這個時代過于瀟瀟灑灑,過于輕輕飄飄,卻缺少一份必要的沉重和蒼涼。任何一個有責任感和使命感的人,都必然表現出一種憂憤和焦灼,一股理想主義的創造的激情,一注沉甸甸的,有時甚至稍顯笨拙的目光,因為“只有這樣的目光才能擊打起大時代的塵土”。可是,偏偏有那么多人甘愿在漫長的等待中慢慢地老去,他們守株待兔地等待著奇跡的降臨,以致失卻最后一喊的力量。這,又是一種怎樣的悲哀呢?
一年多來,你斷斷續續給我來過幾封信,由此我知道你走了許多地方,知道你吃了許多苦,知道你在為生計而奔忙,但是你始終沒有放棄自己心中的理想和憧憬,相反,那一份對藝術的虔誠,那一份對生命的執著,那一份對土地的摯愛,卻變得越來越熱烈。你深切地領悟到,真正的詩人是不可能僅僅滿足于與時代同步的,他必然要超越時代、走向遙遠,譬如但丁,又譬如寫下薄薄一本《野草》的先生。
在長久失去聯系之后,最近終于又有了你的音訊。
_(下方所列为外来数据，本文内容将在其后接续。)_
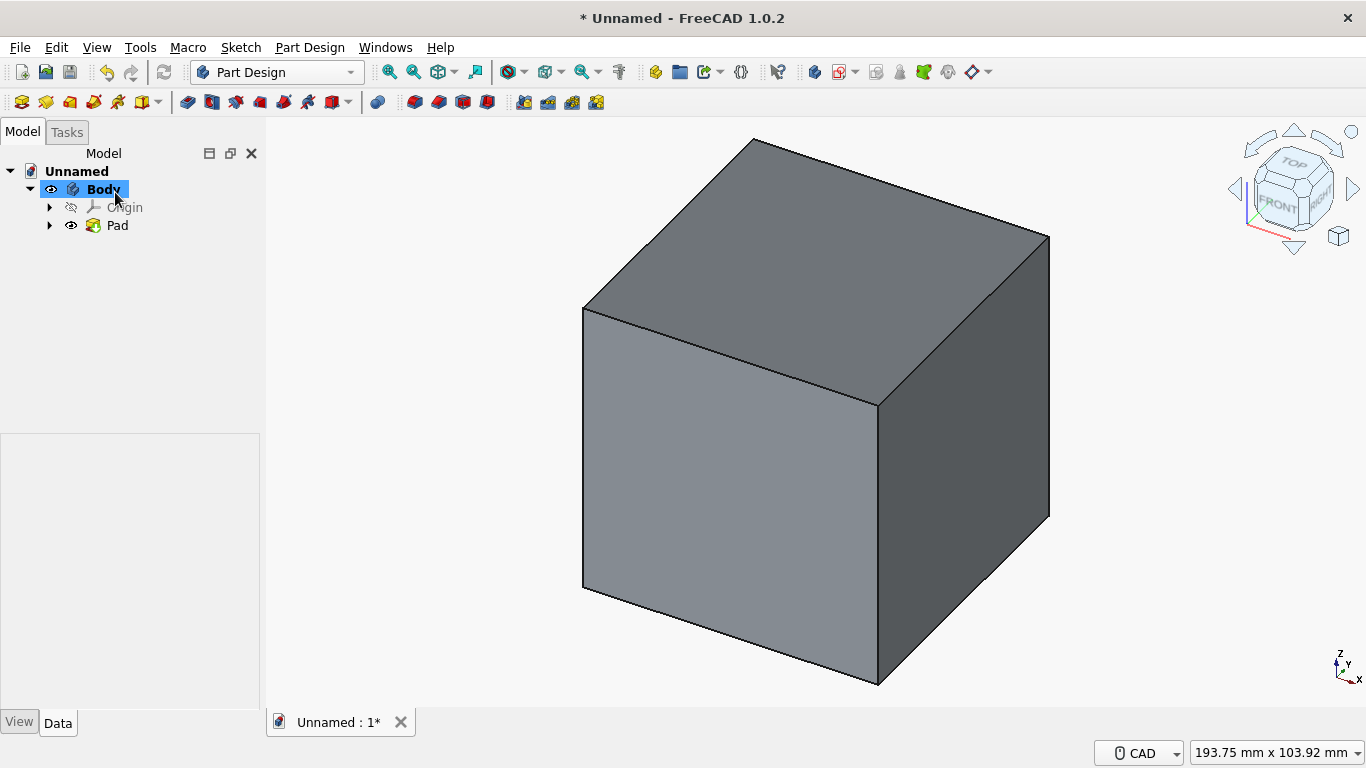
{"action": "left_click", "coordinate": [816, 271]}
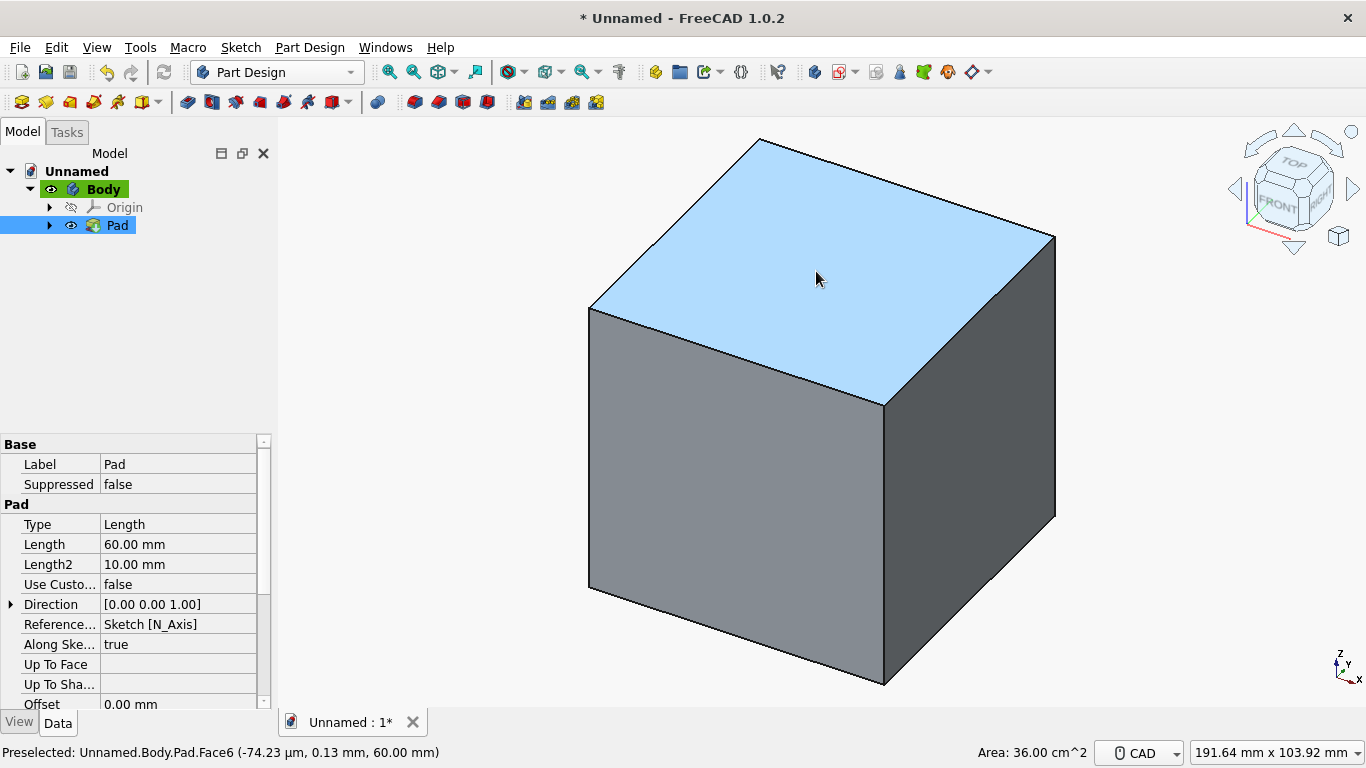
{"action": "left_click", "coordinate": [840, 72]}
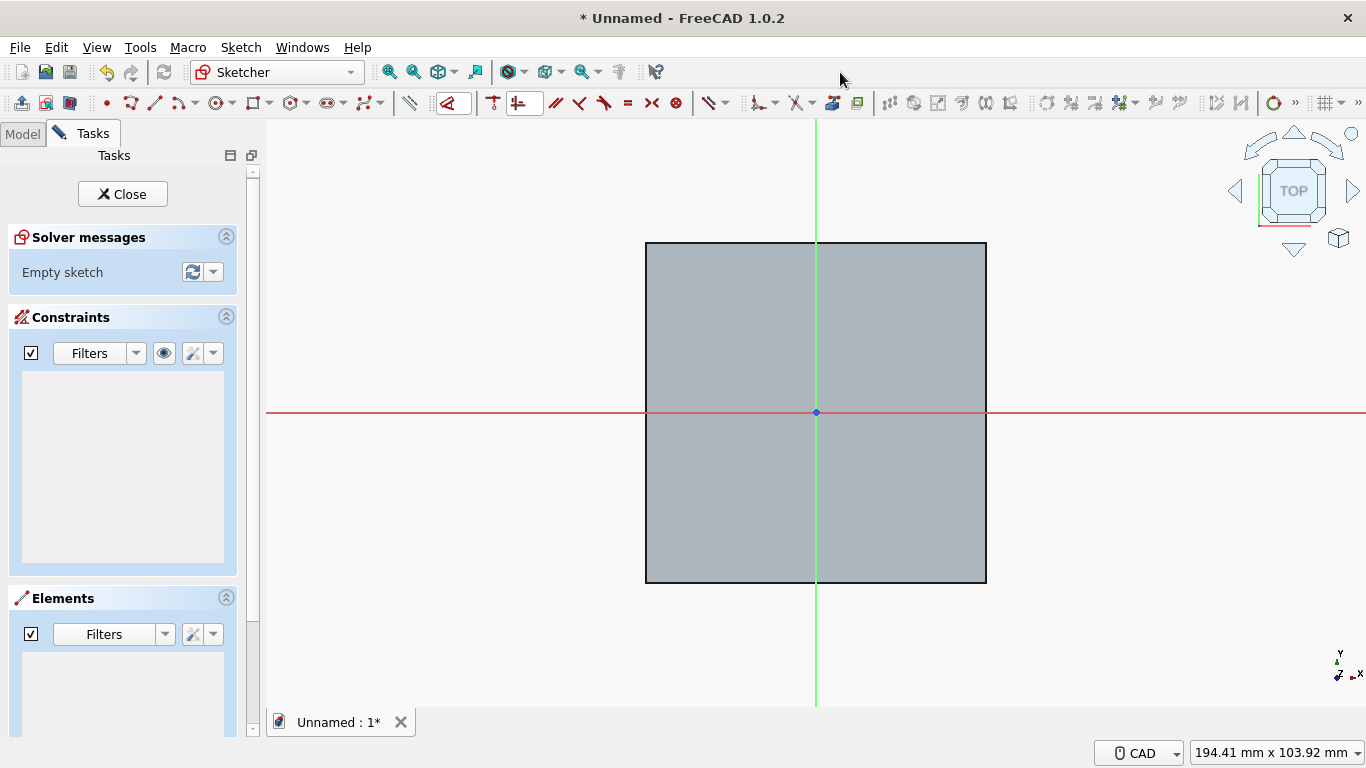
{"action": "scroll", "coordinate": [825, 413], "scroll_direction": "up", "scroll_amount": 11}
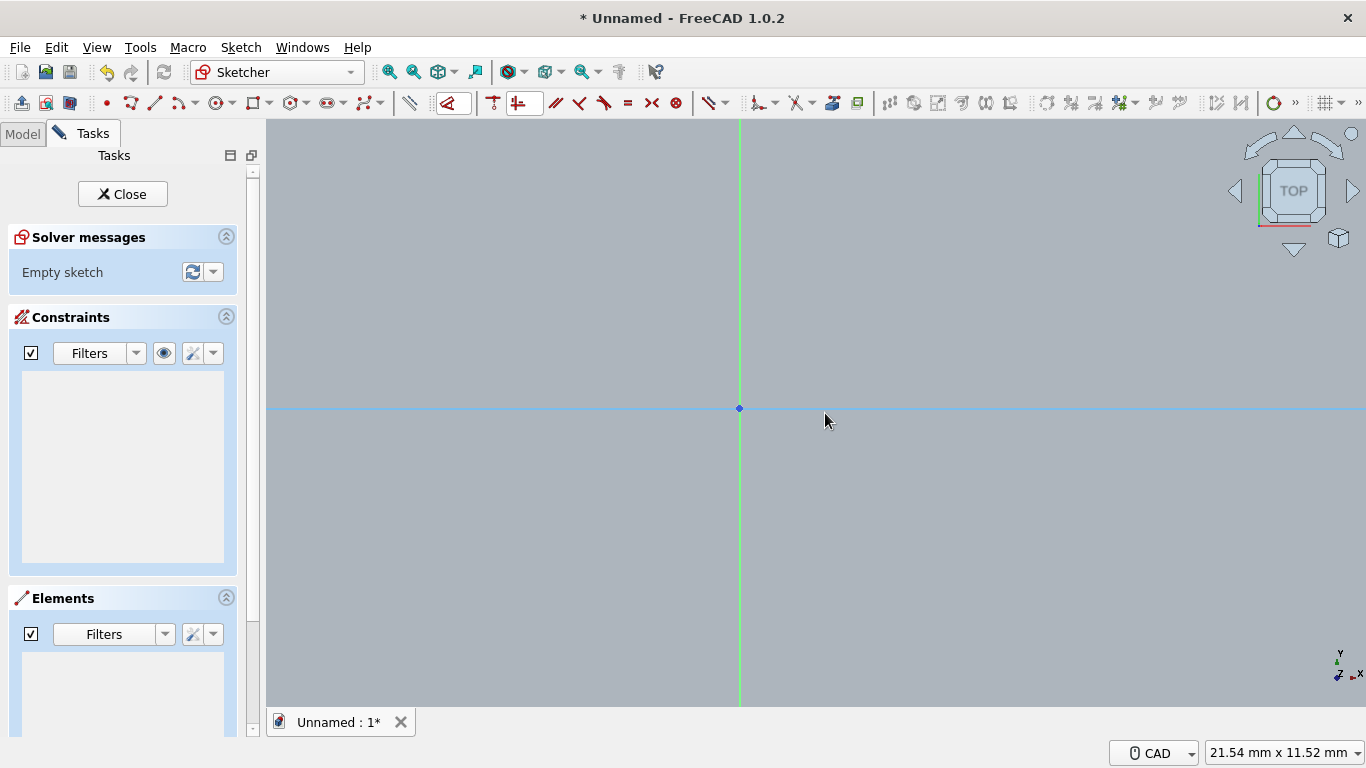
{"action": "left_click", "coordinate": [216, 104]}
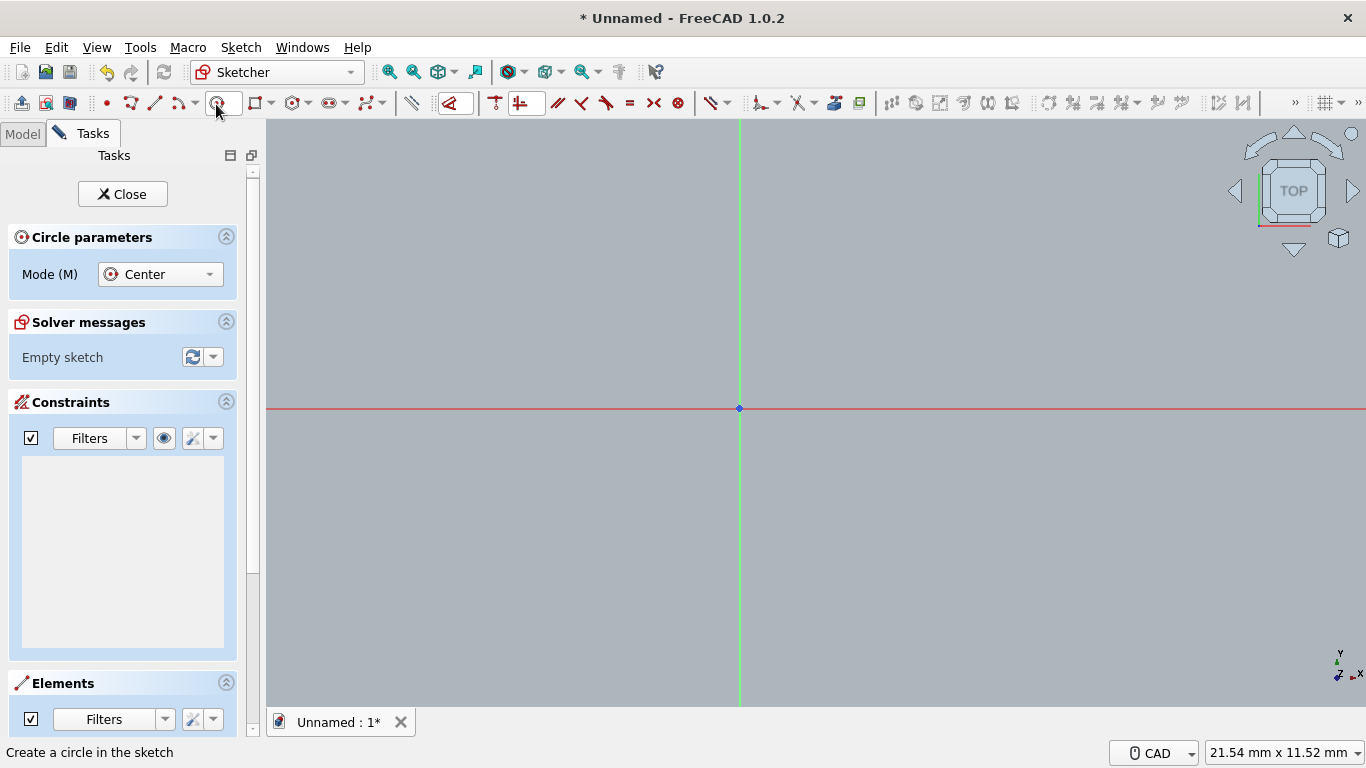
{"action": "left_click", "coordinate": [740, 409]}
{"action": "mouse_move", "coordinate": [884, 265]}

這封寄自未名湖畔的信,使我再一次思考那一片無可回避的遙遠,和你越走越遠的蒼涼的背影。信的最后,你這樣寫道:
“我很想回家看看,看看你,看看那片泥土。一年來,我背負了很重的情感上的債務。我一直在回看土地盡頭蹣跚著的父親。我想,他們也許是中國最后一代真正本色的農民了。他們蒼涼的命運,使人長久難以平靜。”
蒼涼的文字中,閃跳著的卻是一顆灼熱的赤子之心。